## Task details
Find each line below that includes "degrees", then copy it.

## Supplied material
################

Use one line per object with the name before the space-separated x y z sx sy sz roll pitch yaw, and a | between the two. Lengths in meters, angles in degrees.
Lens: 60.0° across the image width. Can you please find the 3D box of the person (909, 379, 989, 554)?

################

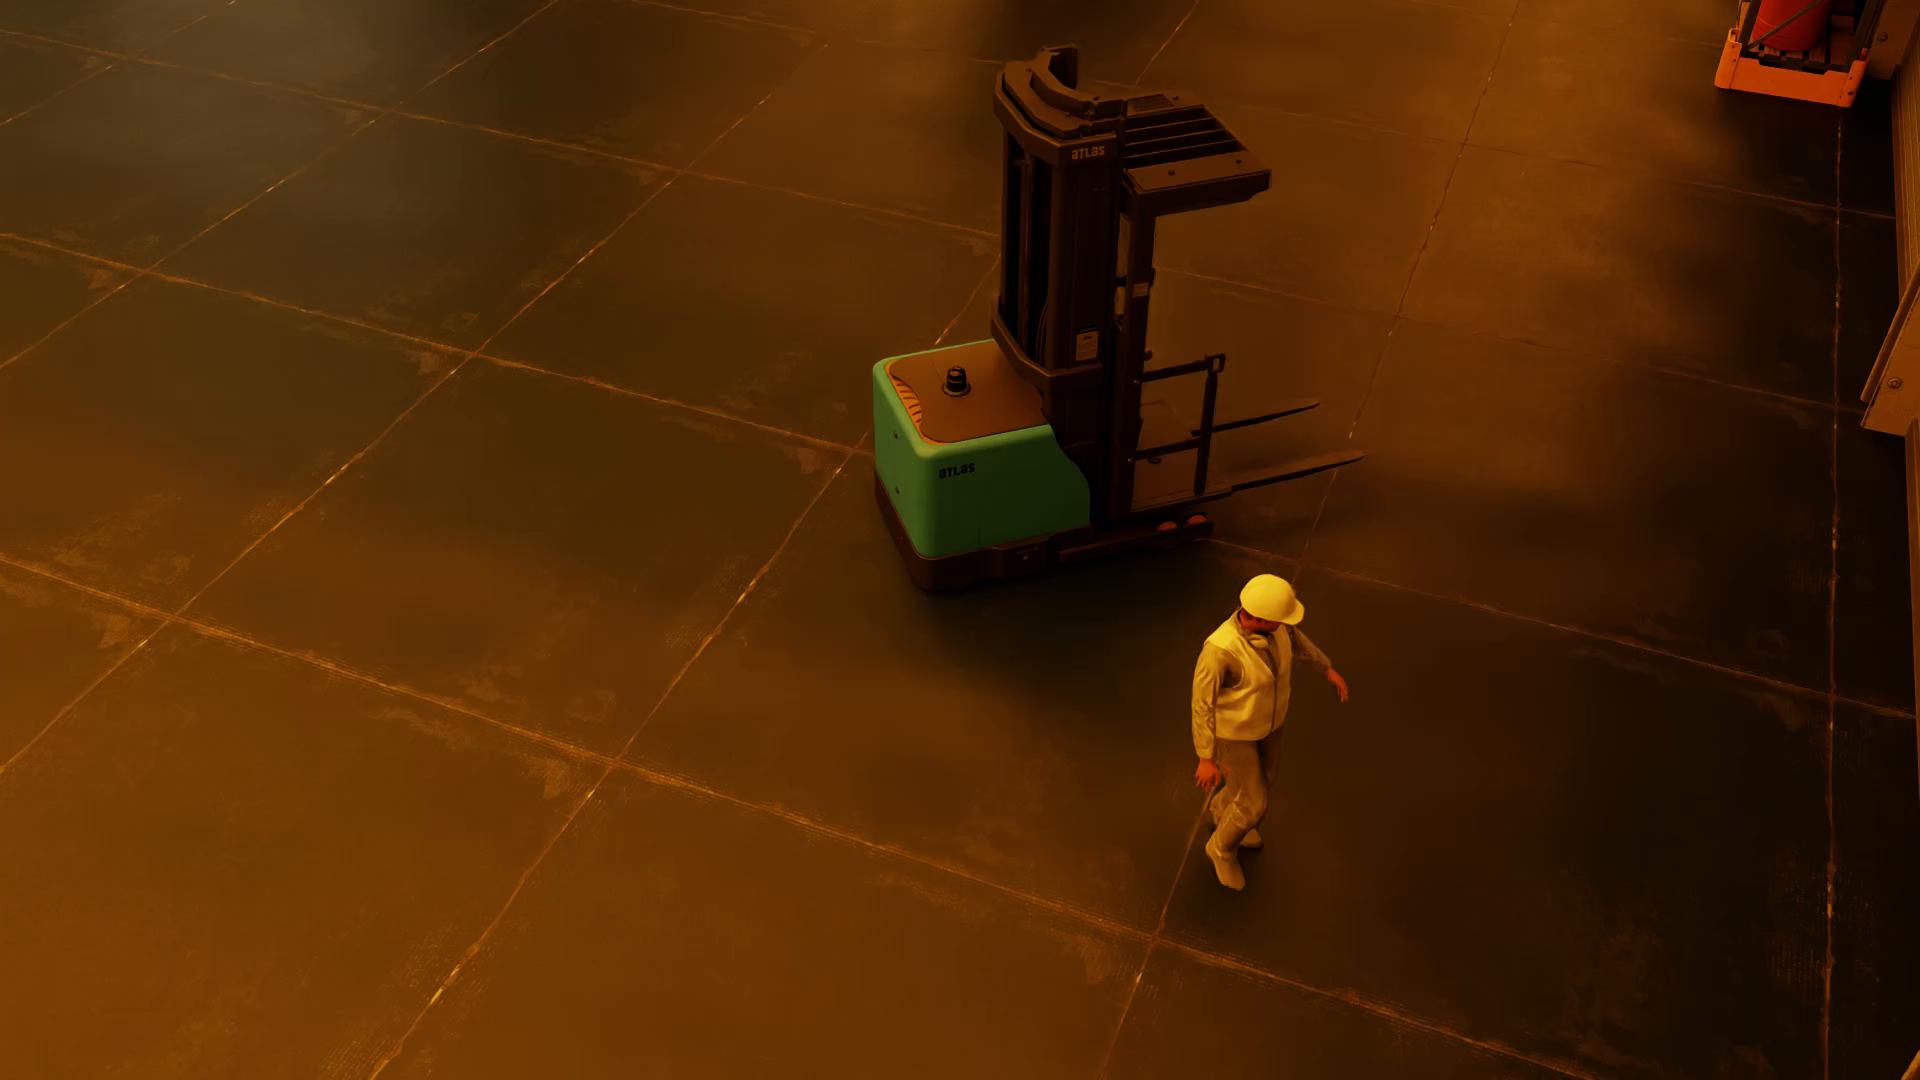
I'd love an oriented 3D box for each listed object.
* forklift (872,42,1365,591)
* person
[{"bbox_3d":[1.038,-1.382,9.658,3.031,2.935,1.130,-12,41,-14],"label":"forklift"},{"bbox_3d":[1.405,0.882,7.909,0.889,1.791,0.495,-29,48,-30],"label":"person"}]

################

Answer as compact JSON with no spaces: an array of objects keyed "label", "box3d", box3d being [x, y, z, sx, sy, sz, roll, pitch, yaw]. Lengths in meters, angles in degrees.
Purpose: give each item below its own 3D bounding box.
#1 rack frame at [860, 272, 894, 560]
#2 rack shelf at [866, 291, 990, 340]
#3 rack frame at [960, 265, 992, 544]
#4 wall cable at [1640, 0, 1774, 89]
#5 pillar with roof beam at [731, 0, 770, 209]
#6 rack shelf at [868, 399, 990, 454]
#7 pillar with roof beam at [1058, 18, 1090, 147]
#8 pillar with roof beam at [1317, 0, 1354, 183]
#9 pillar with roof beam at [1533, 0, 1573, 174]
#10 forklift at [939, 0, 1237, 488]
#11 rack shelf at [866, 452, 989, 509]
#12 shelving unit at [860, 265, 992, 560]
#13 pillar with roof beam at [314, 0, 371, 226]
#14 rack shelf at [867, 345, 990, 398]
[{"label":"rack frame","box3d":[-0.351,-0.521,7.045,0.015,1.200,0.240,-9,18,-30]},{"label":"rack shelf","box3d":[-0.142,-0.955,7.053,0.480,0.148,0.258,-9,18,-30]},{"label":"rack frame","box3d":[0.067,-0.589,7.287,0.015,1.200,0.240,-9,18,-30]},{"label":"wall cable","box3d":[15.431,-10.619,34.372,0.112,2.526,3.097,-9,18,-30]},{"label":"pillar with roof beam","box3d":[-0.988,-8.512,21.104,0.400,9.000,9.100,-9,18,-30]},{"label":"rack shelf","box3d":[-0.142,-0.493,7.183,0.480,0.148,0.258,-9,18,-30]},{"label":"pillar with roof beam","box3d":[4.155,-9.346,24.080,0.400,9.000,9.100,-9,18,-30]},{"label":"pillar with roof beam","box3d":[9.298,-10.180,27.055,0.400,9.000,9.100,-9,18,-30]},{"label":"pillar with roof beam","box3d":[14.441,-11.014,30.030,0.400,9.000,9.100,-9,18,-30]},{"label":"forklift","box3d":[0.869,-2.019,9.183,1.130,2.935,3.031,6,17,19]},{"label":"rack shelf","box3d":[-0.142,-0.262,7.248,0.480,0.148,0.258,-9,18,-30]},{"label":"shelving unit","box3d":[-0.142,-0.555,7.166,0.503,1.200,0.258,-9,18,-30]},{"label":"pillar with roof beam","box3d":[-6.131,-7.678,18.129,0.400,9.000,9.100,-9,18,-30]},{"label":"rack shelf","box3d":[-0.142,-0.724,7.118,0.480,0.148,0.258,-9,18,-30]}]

################

## Answer area
Use one line per object with the name before the space-separated x y z sx sy sz roll pitch yaw, and a | between the two. Lengths in meters, angles in degrees.
Answer as compact JSON with no spaces: an array of objects keyed "label", "box3d", box3d being [x, y, z, sx, sy, sz, roll, pitch, yaw]. Lengths in meters, angles in degrees.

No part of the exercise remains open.